Try it: Using the records below, output the stretch that opens with the line containing "15. parking sign" and closes with the line containing "46. wheelie bin <box>1643,479,1674,556</box>", exactly and including both lines, with nothing more.

Data records:
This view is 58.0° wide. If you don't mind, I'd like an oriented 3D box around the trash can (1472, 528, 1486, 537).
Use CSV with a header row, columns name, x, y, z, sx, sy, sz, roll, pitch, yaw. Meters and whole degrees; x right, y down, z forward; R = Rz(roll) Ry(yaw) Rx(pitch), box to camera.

==

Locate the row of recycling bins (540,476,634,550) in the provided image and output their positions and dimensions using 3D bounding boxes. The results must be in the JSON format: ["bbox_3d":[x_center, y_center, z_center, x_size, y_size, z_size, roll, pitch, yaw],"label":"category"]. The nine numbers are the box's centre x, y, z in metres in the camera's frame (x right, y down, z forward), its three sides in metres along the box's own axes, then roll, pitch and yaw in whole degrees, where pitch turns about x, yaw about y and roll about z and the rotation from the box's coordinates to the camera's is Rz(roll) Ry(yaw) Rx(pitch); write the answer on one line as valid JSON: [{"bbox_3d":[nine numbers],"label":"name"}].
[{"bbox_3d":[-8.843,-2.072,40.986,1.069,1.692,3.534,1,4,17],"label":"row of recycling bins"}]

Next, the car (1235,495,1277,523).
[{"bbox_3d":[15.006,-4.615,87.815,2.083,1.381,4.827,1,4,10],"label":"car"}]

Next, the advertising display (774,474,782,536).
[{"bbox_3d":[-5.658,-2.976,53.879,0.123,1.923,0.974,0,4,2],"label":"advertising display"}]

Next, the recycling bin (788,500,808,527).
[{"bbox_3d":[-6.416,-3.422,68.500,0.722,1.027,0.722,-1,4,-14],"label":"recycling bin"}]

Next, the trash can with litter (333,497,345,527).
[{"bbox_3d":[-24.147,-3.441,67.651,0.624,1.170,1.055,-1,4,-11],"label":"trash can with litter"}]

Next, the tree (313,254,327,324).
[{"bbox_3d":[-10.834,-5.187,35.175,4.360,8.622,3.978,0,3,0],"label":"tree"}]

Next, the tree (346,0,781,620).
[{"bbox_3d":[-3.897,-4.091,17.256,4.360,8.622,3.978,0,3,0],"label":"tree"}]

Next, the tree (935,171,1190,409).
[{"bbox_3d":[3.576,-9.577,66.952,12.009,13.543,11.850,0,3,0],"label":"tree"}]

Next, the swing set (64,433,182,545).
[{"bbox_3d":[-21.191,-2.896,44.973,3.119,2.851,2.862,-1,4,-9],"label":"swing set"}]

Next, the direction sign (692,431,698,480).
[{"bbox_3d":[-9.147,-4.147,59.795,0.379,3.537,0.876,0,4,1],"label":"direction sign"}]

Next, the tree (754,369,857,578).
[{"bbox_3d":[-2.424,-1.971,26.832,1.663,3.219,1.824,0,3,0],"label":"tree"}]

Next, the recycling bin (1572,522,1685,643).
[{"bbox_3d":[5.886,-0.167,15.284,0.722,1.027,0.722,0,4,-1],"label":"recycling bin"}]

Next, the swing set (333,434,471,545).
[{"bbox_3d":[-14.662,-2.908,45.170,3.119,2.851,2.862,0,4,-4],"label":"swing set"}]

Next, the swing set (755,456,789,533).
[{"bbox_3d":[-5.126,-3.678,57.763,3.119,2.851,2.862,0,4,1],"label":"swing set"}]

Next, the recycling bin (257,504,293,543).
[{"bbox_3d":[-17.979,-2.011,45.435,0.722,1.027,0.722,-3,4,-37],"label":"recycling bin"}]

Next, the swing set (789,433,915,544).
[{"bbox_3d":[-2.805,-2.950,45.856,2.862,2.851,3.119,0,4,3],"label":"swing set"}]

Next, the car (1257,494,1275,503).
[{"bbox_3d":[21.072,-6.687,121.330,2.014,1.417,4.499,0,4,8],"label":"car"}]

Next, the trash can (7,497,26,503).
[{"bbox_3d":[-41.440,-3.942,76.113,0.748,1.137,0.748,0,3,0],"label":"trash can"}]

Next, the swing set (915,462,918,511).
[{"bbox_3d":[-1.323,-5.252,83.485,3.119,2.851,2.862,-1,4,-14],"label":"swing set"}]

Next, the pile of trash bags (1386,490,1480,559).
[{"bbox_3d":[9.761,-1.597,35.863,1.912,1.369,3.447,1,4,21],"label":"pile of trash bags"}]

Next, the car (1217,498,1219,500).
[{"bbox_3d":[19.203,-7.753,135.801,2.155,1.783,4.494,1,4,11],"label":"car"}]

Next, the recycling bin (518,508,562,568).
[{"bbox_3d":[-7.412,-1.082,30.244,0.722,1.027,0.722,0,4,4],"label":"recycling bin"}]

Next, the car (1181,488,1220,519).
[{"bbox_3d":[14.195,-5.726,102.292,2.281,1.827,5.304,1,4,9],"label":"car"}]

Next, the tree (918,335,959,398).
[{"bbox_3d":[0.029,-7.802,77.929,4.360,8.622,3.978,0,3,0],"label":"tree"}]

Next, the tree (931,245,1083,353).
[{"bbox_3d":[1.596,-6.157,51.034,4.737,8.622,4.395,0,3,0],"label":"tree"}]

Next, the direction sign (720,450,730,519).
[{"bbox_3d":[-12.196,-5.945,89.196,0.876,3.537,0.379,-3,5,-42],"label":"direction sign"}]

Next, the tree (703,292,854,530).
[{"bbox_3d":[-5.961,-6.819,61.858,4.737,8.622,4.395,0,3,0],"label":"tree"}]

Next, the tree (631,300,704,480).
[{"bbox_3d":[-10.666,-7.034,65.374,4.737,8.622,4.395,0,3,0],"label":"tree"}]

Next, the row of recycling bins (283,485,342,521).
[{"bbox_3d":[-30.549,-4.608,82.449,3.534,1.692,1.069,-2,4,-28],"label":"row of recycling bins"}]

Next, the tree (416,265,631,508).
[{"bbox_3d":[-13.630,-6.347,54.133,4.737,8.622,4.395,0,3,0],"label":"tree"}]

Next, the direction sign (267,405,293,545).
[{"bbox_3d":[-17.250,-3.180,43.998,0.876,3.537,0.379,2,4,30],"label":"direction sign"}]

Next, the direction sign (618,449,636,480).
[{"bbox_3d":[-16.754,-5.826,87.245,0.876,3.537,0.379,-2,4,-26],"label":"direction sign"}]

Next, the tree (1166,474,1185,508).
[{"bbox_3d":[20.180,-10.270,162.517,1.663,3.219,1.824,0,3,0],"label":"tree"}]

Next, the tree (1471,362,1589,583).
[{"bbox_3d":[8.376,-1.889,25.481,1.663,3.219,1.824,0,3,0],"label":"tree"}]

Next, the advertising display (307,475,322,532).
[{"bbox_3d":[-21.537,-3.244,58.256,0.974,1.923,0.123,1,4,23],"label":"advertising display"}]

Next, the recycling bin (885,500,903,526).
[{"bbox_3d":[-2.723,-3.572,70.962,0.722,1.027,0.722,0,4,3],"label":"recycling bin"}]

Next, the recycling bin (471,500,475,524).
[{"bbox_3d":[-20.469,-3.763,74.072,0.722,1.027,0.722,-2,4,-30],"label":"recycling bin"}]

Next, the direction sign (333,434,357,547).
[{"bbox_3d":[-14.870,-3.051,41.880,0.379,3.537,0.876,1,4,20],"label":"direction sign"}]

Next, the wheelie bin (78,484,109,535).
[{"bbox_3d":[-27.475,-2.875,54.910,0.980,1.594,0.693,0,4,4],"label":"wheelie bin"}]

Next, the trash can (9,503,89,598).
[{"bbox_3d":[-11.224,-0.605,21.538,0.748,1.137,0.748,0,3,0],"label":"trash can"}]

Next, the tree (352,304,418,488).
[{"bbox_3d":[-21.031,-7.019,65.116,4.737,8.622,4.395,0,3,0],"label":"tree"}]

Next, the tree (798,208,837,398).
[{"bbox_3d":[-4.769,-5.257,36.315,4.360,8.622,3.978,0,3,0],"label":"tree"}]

==

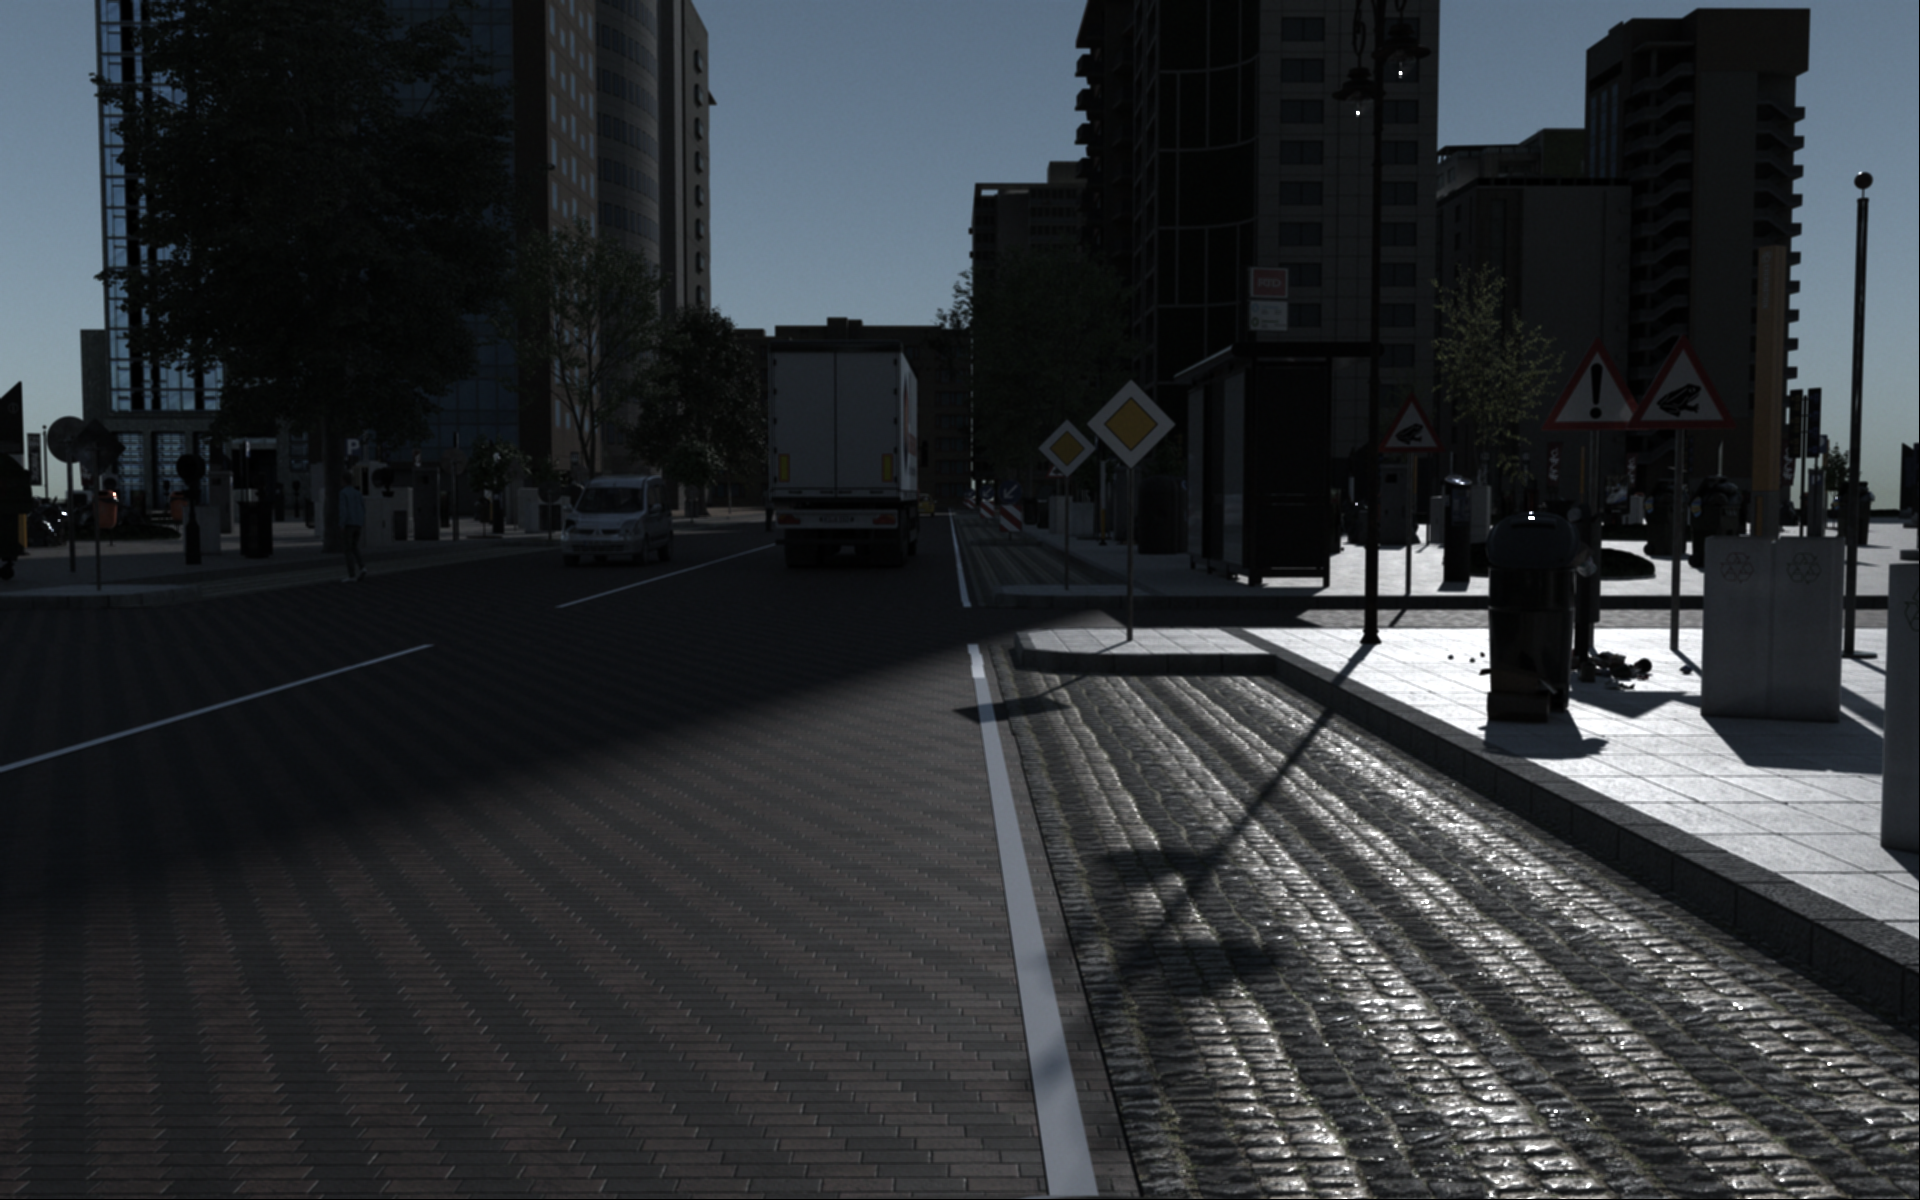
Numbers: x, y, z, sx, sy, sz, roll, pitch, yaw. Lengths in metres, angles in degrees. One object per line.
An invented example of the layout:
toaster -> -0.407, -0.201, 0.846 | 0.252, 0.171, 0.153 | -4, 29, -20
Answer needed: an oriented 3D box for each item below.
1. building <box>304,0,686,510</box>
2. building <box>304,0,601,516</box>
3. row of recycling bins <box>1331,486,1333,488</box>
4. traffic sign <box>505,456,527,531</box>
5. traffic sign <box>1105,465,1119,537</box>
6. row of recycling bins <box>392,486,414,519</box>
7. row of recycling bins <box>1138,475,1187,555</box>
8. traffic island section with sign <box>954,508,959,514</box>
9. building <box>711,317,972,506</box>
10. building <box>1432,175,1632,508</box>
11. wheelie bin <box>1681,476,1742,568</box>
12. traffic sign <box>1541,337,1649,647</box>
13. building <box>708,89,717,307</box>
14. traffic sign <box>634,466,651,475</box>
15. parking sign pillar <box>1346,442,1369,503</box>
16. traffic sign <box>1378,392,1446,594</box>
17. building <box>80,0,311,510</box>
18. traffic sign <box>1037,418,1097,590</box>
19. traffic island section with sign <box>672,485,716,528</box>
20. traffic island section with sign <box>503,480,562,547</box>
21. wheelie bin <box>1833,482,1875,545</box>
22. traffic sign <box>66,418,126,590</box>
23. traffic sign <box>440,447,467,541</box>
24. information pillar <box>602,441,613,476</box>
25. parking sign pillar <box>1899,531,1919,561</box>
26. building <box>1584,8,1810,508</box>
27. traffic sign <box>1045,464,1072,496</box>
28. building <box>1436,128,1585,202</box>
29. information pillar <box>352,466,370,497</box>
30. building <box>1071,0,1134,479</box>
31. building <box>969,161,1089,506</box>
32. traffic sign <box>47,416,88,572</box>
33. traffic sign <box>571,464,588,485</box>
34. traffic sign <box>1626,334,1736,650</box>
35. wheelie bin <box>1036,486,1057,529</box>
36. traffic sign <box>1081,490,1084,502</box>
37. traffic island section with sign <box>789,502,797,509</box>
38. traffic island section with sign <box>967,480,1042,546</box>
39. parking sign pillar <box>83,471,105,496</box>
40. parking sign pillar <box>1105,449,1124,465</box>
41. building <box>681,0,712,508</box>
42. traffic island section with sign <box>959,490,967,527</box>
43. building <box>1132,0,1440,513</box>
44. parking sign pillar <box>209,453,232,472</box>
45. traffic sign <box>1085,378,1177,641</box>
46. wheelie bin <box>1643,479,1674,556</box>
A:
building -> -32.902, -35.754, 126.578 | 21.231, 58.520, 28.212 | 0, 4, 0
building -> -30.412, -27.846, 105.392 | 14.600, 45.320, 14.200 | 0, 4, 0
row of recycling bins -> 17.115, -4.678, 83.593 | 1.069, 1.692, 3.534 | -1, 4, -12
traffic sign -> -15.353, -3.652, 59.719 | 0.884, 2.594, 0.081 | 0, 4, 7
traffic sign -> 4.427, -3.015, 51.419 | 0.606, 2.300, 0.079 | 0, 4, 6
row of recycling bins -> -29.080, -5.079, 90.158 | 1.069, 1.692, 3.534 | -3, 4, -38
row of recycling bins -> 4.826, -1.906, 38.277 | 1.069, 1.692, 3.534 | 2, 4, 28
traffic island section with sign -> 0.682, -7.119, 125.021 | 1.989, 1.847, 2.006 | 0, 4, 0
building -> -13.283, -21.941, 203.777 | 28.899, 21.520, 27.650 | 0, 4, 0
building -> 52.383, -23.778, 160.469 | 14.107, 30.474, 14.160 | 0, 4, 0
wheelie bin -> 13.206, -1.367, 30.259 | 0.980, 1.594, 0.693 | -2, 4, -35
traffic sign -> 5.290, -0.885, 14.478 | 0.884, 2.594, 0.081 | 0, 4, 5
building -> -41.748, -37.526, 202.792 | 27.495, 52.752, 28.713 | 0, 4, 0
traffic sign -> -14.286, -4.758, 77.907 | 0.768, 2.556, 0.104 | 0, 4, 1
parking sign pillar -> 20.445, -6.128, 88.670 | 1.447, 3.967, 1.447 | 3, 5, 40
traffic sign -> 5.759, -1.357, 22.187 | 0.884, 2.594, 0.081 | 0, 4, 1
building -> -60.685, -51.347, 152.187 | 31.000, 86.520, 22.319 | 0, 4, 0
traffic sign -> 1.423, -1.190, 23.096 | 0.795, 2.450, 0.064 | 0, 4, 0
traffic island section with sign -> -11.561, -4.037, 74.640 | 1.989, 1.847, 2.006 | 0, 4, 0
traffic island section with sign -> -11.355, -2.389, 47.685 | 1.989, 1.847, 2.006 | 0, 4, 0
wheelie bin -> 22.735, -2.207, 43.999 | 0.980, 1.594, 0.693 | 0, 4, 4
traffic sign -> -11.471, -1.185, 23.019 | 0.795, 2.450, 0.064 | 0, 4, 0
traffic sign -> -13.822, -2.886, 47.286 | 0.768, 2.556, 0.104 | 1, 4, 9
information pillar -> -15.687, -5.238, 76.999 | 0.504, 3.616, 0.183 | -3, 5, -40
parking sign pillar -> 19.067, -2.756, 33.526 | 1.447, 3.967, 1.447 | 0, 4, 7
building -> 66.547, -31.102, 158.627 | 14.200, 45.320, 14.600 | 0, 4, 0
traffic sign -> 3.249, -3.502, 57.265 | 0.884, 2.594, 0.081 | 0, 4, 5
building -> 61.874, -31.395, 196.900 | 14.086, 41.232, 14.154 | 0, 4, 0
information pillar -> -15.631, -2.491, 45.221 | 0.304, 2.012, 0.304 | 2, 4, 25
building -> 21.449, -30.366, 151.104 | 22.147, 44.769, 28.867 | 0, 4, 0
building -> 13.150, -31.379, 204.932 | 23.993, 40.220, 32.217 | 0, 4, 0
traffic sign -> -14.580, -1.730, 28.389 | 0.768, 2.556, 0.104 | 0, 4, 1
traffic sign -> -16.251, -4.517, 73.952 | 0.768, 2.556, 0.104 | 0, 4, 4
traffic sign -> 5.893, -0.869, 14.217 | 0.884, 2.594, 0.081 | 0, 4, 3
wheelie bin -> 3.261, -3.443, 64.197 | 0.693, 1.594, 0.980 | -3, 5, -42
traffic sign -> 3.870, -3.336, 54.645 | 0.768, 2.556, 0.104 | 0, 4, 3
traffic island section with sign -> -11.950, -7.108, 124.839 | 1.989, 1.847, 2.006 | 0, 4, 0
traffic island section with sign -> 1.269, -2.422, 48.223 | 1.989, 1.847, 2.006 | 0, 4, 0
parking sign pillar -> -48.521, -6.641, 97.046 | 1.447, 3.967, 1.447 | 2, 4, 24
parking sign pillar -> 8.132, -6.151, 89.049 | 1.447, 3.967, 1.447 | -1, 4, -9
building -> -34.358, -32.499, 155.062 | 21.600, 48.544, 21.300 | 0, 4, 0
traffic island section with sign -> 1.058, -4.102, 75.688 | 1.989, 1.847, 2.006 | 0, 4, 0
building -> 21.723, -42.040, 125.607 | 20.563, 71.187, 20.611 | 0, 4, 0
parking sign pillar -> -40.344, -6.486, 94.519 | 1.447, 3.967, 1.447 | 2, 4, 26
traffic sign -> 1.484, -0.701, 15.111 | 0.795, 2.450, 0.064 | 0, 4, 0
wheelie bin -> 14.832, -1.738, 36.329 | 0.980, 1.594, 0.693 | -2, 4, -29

Result for this task:
15. parking sign pillar <box>1346,442,1369,503</box>
16. traffic sign <box>1378,392,1446,594</box>
17. building <box>80,0,311,510</box>
18. traffic sign <box>1037,418,1097,590</box>
19. traffic island section with sign <box>672,485,716,528</box>
20. traffic island section with sign <box>503,480,562,547</box>
21. wheelie bin <box>1833,482,1875,545</box>
22. traffic sign <box>66,418,126,590</box>
23. traffic sign <box>440,447,467,541</box>
24. information pillar <box>602,441,613,476</box>
25. parking sign pillar <box>1899,531,1919,561</box>
26. building <box>1584,8,1810,508</box>
27. traffic sign <box>1045,464,1072,496</box>
28. building <box>1436,128,1585,202</box>
29. information pillar <box>352,466,370,497</box>
30. building <box>1071,0,1134,479</box>
31. building <box>969,161,1089,506</box>
32. traffic sign <box>47,416,88,572</box>
33. traffic sign <box>571,464,588,485</box>
34. traffic sign <box>1626,334,1736,650</box>
35. wheelie bin <box>1036,486,1057,529</box>
36. traffic sign <box>1081,490,1084,502</box>
37. traffic island section with sign <box>789,502,797,509</box>
38. traffic island section with sign <box>967,480,1042,546</box>
39. parking sign pillar <box>83,471,105,496</box>
40. parking sign pillar <box>1105,449,1124,465</box>
41. building <box>681,0,712,508</box>
42. traffic island section with sign <box>959,490,967,527</box>
43. building <box>1132,0,1440,513</box>
44. parking sign pillar <box>209,453,232,472</box>
45. traffic sign <box>1085,378,1177,641</box>
46. wheelie bin <box>1643,479,1674,556</box>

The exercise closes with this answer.